## TRY IT
Go through the entries below and tally the lines containing the string "whole"; report only the tally.

(Collected data entries)
◆ ◆ ◆ ◆ ◆ ◆ ◆
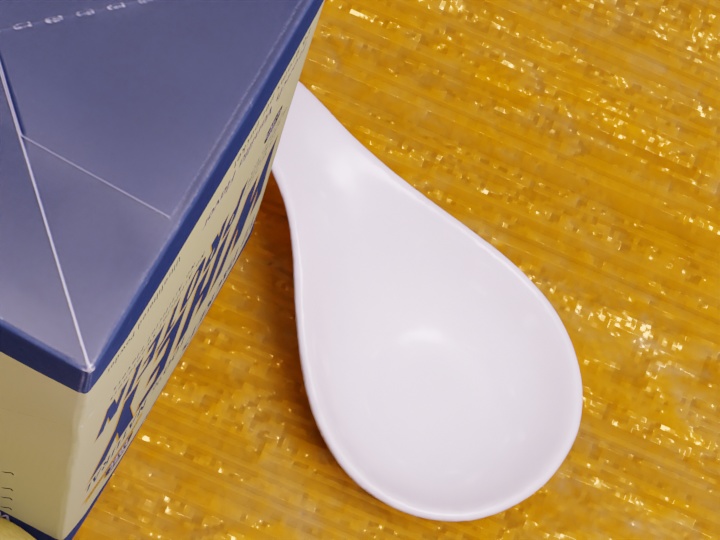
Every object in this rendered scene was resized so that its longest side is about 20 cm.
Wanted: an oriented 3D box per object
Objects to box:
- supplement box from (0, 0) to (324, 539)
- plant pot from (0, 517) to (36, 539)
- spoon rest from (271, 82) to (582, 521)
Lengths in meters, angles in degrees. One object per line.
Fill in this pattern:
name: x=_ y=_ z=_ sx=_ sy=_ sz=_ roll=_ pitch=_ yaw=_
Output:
supplement box: x=-0.135 y=-0.041 z=0.665 sx=0.200 sy=0.200 sz=0.134 roll=29 pitch=68 yaw=1
plant pot: x=-0.158 y=0.140 z=0.679 sx=0.142 sy=0.200 sz=0.200 roll=-18 pitch=71 yaw=-43
spoon rest: x=0.000 y=0.000 z=0.816 sx=0.099 sy=0.061 sz=0.200 roll=-33 pitch=77 yaw=-20
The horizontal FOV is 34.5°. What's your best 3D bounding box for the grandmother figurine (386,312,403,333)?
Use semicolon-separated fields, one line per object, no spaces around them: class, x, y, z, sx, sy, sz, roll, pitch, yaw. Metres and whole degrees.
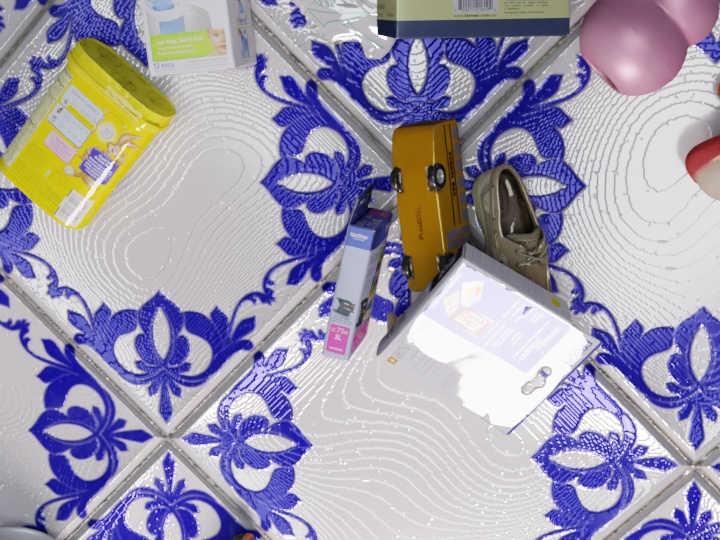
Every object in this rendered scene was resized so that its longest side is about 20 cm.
grandmother figurine;0.135;0.066;1.453;0.198;0.061;0.122;-9;128;10

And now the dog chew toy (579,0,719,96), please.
dog chew toy;0.342;-0.293;1.298;0.125;0.125;0.200;45;99;-2

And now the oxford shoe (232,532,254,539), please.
oxford shoe;-0.204;0.439;1.596;0.073;0.071;0.201;26;107;9

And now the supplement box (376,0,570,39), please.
supplement box;0.122;-0.362;1.285;0.198;0.134;0.201;-3;103;-8

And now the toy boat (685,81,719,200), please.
toy boat;0.454;-0.174;1.316;0.200;0.130;0.131;-38;63;16

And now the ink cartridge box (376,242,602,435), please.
ink cartridge box;0.153;0.085;1.393;0.199;0.047;0.198;30;127;-13

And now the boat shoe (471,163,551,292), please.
boat shoe;0.190;-0.029;1.391;0.072;0.065;0.201;-15;88;-18

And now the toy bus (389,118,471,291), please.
toy bus;0.087;-0.078;1.406;0.065;0.078;0.202;0;103;36

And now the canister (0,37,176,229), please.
canister;-0.351;-0.170;1.473;0.148;0.087;0.200;41;108;-1

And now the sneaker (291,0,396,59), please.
sneaker;-0.045;-0.318;1.388;0.199;0.070;0.081;26;109;3

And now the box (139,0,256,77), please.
box;-0.201;-0.341;1.395;0.112;0.101;0.202;-3;102;11

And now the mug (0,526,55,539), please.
mug;-0.469;0.475;1.627;0.199;0.148;0.176;3;115;-21

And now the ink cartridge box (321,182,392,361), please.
ink cartridge box;0.000;0.000;1.427;0.042;0.119;0.201;12;105;9
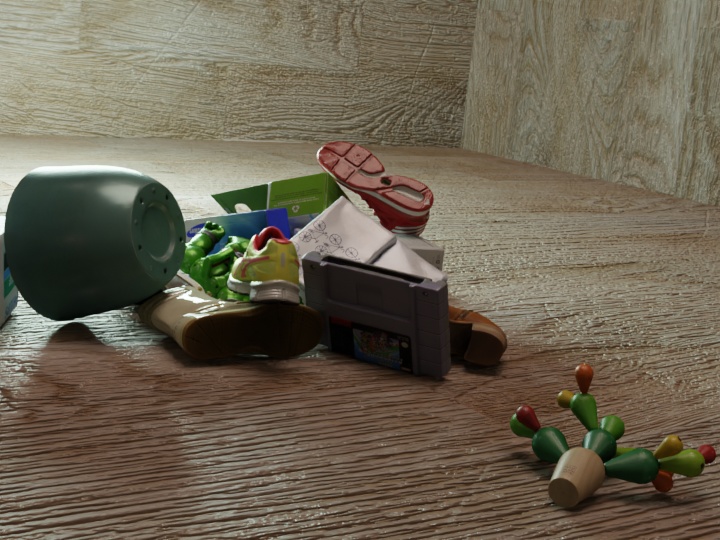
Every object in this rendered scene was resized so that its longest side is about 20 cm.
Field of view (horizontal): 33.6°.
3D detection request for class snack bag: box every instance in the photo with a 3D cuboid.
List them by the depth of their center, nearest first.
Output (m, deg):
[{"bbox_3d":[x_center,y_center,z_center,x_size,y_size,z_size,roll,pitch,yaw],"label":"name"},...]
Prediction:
[{"bbox_3d":[0.000,0.000,1.635,0.200,0.021,0.189,38,48,12],"label":"snack bag"}]

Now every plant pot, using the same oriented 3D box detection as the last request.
[{"bbox_3d":[-0.319,-0.041,1.501,0.161,0.201,0.201,-5,6,24],"label":"plant pot"}]

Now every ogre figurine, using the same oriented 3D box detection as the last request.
[{"bbox_3d":[-0.185,0.003,1.674,0.120,0.098,0.200,-15,68,-48],"label":"ogre figurine"}]

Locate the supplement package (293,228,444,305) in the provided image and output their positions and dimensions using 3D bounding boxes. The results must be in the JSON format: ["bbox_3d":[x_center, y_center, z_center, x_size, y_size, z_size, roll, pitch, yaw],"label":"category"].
[{"bbox_3d":[0.006,0.005,1.750,0.200,0.110,0.114,2,12,-19],"label":"supplement package"}]

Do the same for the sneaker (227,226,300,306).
[{"bbox_3d":[-0.112,-0.010,1.468,0.078,0.090,0.200,2,4,-20],"label":"sneaker"}]

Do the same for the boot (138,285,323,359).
[{"bbox_3d":[-0.162,0.062,1.502,0.200,0.072,0.155,-2,12,-34],"label":"boot"}]

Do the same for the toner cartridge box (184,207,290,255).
[{"bbox_3d":[-0.185,-0.038,1.783,0.200,0.095,0.043,-4,4,45],"label":"toner cartridge box"}]

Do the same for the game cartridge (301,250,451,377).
[{"bbox_3d":[0.018,0.056,1.477,0.200,0.130,0.038,13,28,31],"label":"game cartridge"}]

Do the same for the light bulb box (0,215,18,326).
[{"bbox_3d":[-0.535,0.002,1.456,0.200,0.125,0.198,4,12,-6],"label":"light bulb box"}]

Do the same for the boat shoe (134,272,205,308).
[{"bbox_3d":[-0.290,0.021,1.629,0.060,0.072,0.200,-1,19,-43],"label":"boat shoe"}]

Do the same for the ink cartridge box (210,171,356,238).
[{"bbox_3d":[-0.114,-0.070,1.845,0.200,0.076,0.148,-9,-30,20],"label":"ink cartridge box"}]

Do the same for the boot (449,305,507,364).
[{"bbox_3d":[0.097,0.068,1.571,0.200,0.074,0.155,26,7,1],"label":"boot"}]

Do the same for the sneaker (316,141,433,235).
[{"bbox_3d":[0.015,-0.111,1.833,0.200,0.116,0.078,34,58,19],"label":"sneaker"}]

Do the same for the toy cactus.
[{"bbox_3d":[0.230,0.173,1.154,0.200,0.102,0.165,21,27,23],"label":"toy cactus"}]
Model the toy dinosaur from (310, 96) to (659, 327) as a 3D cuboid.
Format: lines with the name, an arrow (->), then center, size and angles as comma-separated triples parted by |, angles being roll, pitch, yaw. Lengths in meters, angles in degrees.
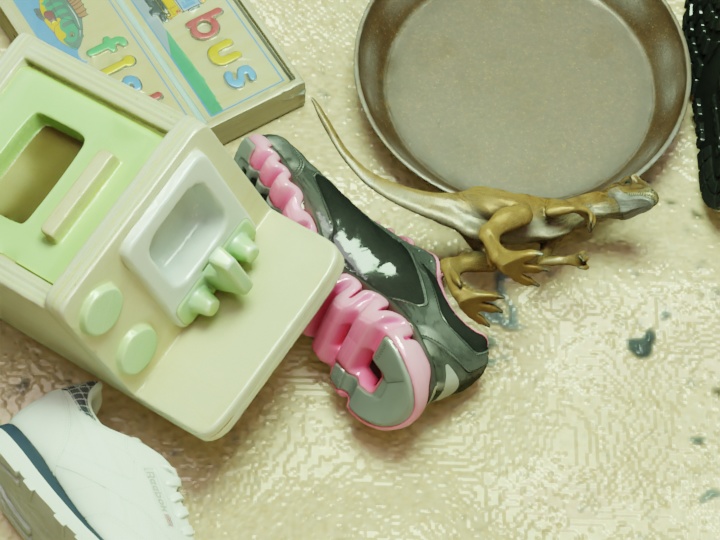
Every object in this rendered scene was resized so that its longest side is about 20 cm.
toy dinosaur -> 0.065, -0.028, 1.498 | 0.199, 0.061, 0.107 | 8, 44, -7

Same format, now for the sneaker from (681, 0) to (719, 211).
sneaker -> 0.244, -0.119, 1.584 | 0.087, 0.076, 0.201 | 7, 64, -14

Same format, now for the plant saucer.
plant saucer -> 0.094, -0.114, 1.585 | 0.199, 0.035, 0.201 | 1, 61, -3

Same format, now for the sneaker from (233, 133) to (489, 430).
sneaker -> 0.000, 0.000, 1.505 | 0.095, 0.079, 0.200 | -17, 60, -37

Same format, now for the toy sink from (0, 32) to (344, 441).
toy sink -> -0.132, -0.020, 1.436 | 0.200, 0.112, 0.131 | 29, 76, 31

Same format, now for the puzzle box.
puzzle box -> -0.137, -0.150, 1.601 | 0.133, 0.025, 0.200 | -28, 65, -18

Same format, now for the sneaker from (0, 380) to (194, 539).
sneaker -> -0.118, 0.141, 1.411 | 0.080, 0.077, 0.200 | -29, 66, -28
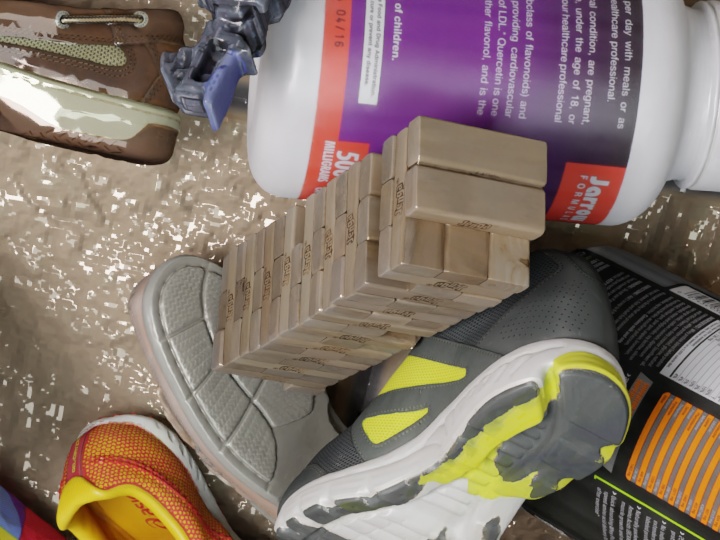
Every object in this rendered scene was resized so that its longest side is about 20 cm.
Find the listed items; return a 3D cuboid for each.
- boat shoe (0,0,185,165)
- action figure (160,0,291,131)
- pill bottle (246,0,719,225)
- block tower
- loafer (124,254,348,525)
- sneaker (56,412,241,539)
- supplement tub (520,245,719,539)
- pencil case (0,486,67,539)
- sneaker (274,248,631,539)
[{"bbox_3d":[-0.168,-0.099,0.831,0.200,0.075,0.076,12,89,-9],"label":"boat shoe"},{"bbox_3d":[-0.058,-0.157,0.738,0.191,0.201,0.105,8,144,5],"label":"action figure"},{"bbox_3d":[0.056,-0.078,0.825,0.198,0.113,0.113,5,114,-6],"label":"pill bottle"},{"bbox_3d":[0.000,0.000,0.802,0.057,0.200,0.055,11,70,-22],"label":"block tower"},{"bbox_3d":[-0.041,0.078,0.915,0.063,0.072,0.200,-16,122,49],"label":"loafer"},{"bbox_3d":[-0.067,0.154,0.934,0.200,0.077,0.073,43,121,-18],"label":"sneaker"},{"bbox_3d":[0.151,0.079,0.843,0.122,0.199,0.124,-27,131,-35],"label":"supplement tub"},{"bbox_3d":[-0.207,0.115,0.909,0.088,0.089,0.200,-39,110,13],"label":"pencil case"},{"bbox_3d":[0.040,0.063,0.825,0.074,0.085,0.200,33,136,-24],"label":"sneaker"}]
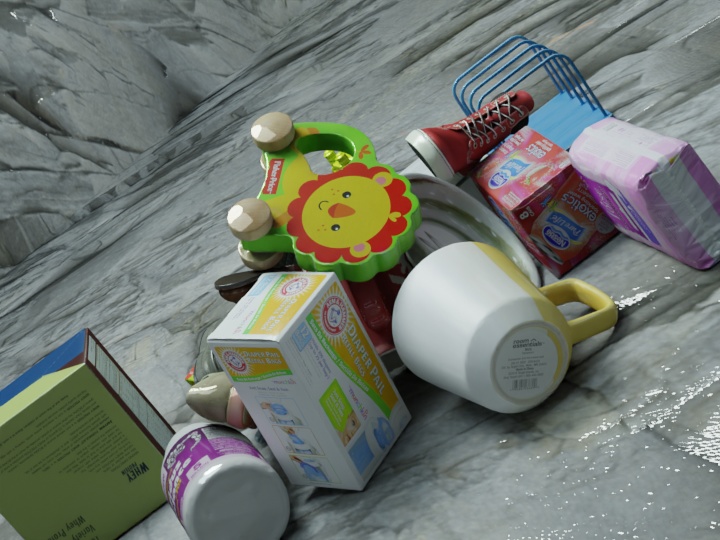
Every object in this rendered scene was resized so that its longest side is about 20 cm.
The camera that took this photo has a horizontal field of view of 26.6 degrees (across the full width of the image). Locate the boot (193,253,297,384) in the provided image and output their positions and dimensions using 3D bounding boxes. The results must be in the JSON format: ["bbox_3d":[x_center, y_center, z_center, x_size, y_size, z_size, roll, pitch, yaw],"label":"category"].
[{"bbox_3d":[-0.140,0.049,1.807,0.130,0.068,0.201,-31,30,34],"label":"boot"}]

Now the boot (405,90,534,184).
[{"bbox_3d":[0.134,-0.167,1.782,0.144,0.073,0.200,-37,-7,11],"label":"boot"}]

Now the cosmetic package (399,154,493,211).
[{"bbox_3d":[0.118,-0.101,1.967,0.102,0.074,0.200,-39,21,-7],"label":"cosmetic package"}]

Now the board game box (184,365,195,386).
[{"bbox_3d":[-0.131,0.078,1.942,0.200,0.048,0.101,-53,21,-17],"label":"board game box"}]

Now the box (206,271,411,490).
[{"bbox_3d":[-0.049,0.111,1.542,0.101,0.201,0.113,-1,39,40],"label":"box"}]

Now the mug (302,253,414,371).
[{"bbox_3d":[0.009,-0.002,1.644,0.133,0.201,0.178,-17,-14,-25],"label":"mug"}]

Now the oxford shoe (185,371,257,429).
[{"bbox_3d":[-0.145,0.135,1.688,0.200,0.073,0.071,57,-136,-83],"label":"oxford shoe"}]

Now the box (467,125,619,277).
[{"bbox_3d":[0.204,-0.081,1.715,0.095,0.100,0.200,-37,19,1],"label":"box"}]

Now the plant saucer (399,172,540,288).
[{"bbox_3d":[0.102,-0.021,1.640,0.050,0.200,0.200,-51,11,27],"label":"plant saucer"}]

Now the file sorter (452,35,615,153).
[{"bbox_3d":[0.215,-0.214,1.976,0.139,0.123,0.200,-38,19,1],"label":"file sorter"}]

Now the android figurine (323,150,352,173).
[{"bbox_3d":[0.029,-0.072,1.858,0.041,0.200,0.182,-44,21,-8],"label":"android figurine"}]

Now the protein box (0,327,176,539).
[{"bbox_3d":[-0.349,0.220,1.855,0.198,0.200,0.135,-36,18,3],"label":"protein box"}]

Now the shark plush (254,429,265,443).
[{"bbox_3d":[-0.072,0.107,1.764,0.200,0.083,0.091,-47,58,20],"label":"shark plush"}]

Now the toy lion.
[{"bbox_3d":[-0.030,-0.073,1.574,0.190,0.069,0.201,0,51,12],"label":"toy lion"}]

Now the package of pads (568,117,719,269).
[{"bbox_3d":[0.291,-0.081,1.521,0.076,0.121,0.200,-38,19,-3],"label":"package of pads"}]

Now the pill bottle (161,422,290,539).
[{"bbox_3d":[-0.151,0.227,1.615,0.112,0.112,0.200,-40,18,-8],"label":"pill bottle"}]

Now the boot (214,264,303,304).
[{"bbox_3d":[-0.088,0.097,1.630,0.064,0.201,0.186,-7,0,24],"label":"boot"}]

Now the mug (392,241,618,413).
[{"bbox_3d":[0.139,0.051,1.466,0.187,0.149,0.153,-46,27,-4],"label":"mug"}]
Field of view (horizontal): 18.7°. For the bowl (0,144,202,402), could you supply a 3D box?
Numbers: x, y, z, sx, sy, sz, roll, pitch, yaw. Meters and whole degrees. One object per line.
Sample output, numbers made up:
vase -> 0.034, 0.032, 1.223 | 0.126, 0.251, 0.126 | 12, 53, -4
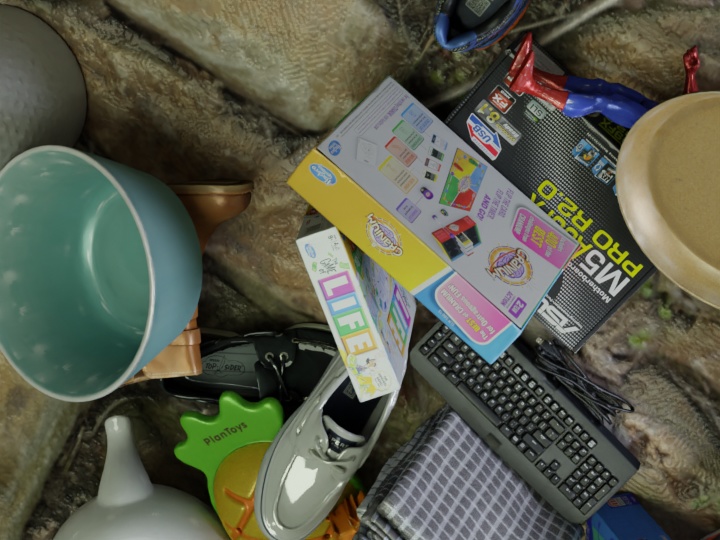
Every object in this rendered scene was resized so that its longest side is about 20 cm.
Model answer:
bowl -> -0.202, -0.004, 1.735 | 0.200, 0.105, 0.203 | 8, 104, 37

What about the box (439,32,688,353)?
box -> 0.146, -0.058, 1.688 | 0.200, 0.044, 0.160 | 43, 123, 0

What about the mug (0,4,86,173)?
mug -> -0.350, -0.134, 1.790 | 0.199, 0.175, 0.148 | 30, 122, 8

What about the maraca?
maraca -> -0.072, 0.183, 1.853 | 0.137, 0.107, 0.200 | -29, 114, 26

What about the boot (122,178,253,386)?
boot -> -0.150, 0.010, 1.807 | 0.199, 0.073, 0.156 | -16, 83, 43

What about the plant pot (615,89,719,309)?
plant pot -> 0.278, -0.050, 1.561 | 0.199, 0.028, 0.201 | 19, 136, 19

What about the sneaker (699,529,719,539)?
sneaker -> 0.319, 0.216, 1.721 | 0.077, 0.082, 0.201 | 35, 123, 4

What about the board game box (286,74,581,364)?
board game box -> 0.057, -0.041, 1.618 | 0.200, 0.153, 0.040 | 42, 124, 1

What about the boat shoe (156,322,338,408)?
boat shoe -> -0.082, 0.086, 1.843 | 0.198, 0.066, 0.075 | 6, 115, 21

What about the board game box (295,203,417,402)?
board game box -> 0.000, 0.000, 1.687 | 0.034, 0.200, 0.135 | -18, 107, 11

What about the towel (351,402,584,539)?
towel -> 0.087, 0.209, 1.750 | 0.166, 0.200, 0.085 | 47, 122, -5

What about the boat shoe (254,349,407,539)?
boat shoe -> -0.024, 0.132, 1.773 | 0.073, 0.065, 0.201 | 26, 87, -12

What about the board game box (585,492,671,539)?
board game box -> 0.236, 0.294, 1.739 | 0.045, 0.200, 0.153 | -9, 117, -18

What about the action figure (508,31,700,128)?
action figure -> 0.218, -0.136, 1.597 | 0.199, 0.065, 0.099 | 25, 115, -9

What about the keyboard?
keyboard -> 0.139, 0.105, 1.750 | 0.200, 0.040, 0.104 | 44, 96, -2

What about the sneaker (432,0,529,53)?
sneaker -> 0.115, -0.233, 1.597 | 0.075, 0.078, 0.201 | 33, 123, 5

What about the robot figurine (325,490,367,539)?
robot figurine -> 0.061, 0.268, 1.808 | 0.199, 0.145, 0.058 | 34, 112, -28

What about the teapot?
teapot -> -0.190, 0.265, 1.934 | 0.197, 0.146, 0.200 | 31, 112, -20
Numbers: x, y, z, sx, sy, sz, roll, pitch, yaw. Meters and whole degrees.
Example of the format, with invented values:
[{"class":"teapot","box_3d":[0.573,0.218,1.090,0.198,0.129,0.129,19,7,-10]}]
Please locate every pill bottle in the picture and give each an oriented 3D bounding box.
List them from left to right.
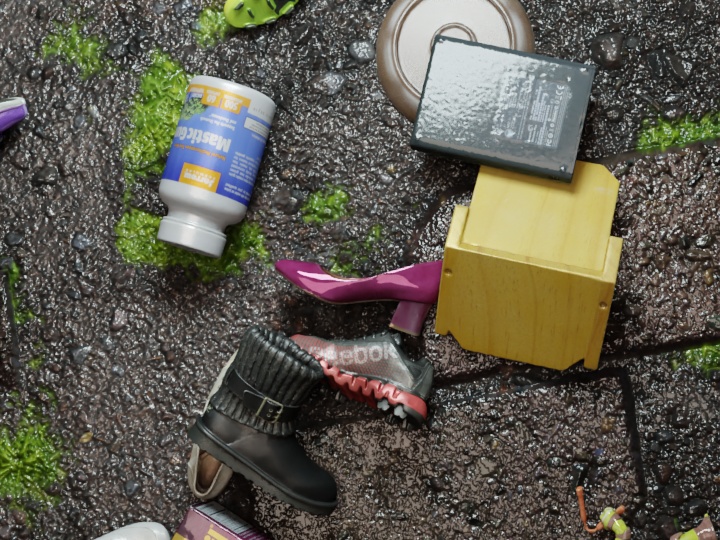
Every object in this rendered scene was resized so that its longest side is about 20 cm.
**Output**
[{"class":"pill bottle","box_3d":[-0.180,-0.123,1.731,0.110,0.112,0.203,15,85,9]}]

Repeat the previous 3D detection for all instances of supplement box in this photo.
[{"class":"supplement box","box_3d":[-0.137,0.378,1.675,0.198,0.103,0.132,29,90,10]}]

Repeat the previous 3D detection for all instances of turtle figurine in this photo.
[{"class":"turtle figurine","box_3d":[0.331,0.332,1.637,0.159,0.064,0.203,-16,82,5]}]

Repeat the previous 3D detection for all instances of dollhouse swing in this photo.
[{"class":"dollhouse swing","box_3d":[0.207,-0.017,1.708,0.197,0.177,0.184,11,127,8]}]

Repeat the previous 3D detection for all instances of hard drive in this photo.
[{"class":"hard drive","box_3d":[0.168,-0.193,1.697,0.197,0.033,0.142,13,82,9]}]

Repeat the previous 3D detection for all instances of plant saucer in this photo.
[{"class":"plant saucer","box_3d":[0.115,-0.271,1.750,0.197,0.032,0.204,-1,83,8]}]

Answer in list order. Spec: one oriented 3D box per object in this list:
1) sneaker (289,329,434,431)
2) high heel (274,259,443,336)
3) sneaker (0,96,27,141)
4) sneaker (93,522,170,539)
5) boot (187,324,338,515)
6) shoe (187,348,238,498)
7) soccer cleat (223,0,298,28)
[{"class":"sneaker","box_3d":[0.002,0.111,1.705,0.198,0.071,0.099,21,70,19]},{"class":"high heel","box_3d":[0.000,0.000,1.715,0.197,0.067,0.097,21,97,-6]},{"class":"sneaker","box_3d":[-0.488,-0.141,1.805,0.200,0.081,0.084,-42,97,9]},{"class":"sneaker","box_3d":[-0.320,0.361,1.703,0.198,0.100,0.076,-25,79,3]},{"class":"boot","box_3d":[-0.080,0.177,1.667,0.210,0.079,0.159,33,95,-17]},{"class":"shoe","box_3d":[-0.157,0.182,1.724,0.069,0.053,0.203,20,87,9]},{"class":"soccer cleat","box_3d":[-0.093,-0.380,1.783,0.199,0.065,0.084,-39,51,6]}]
◆ ◆ ◆ ◆ ◆ ◆ ◆
## TASK OUTPUT
3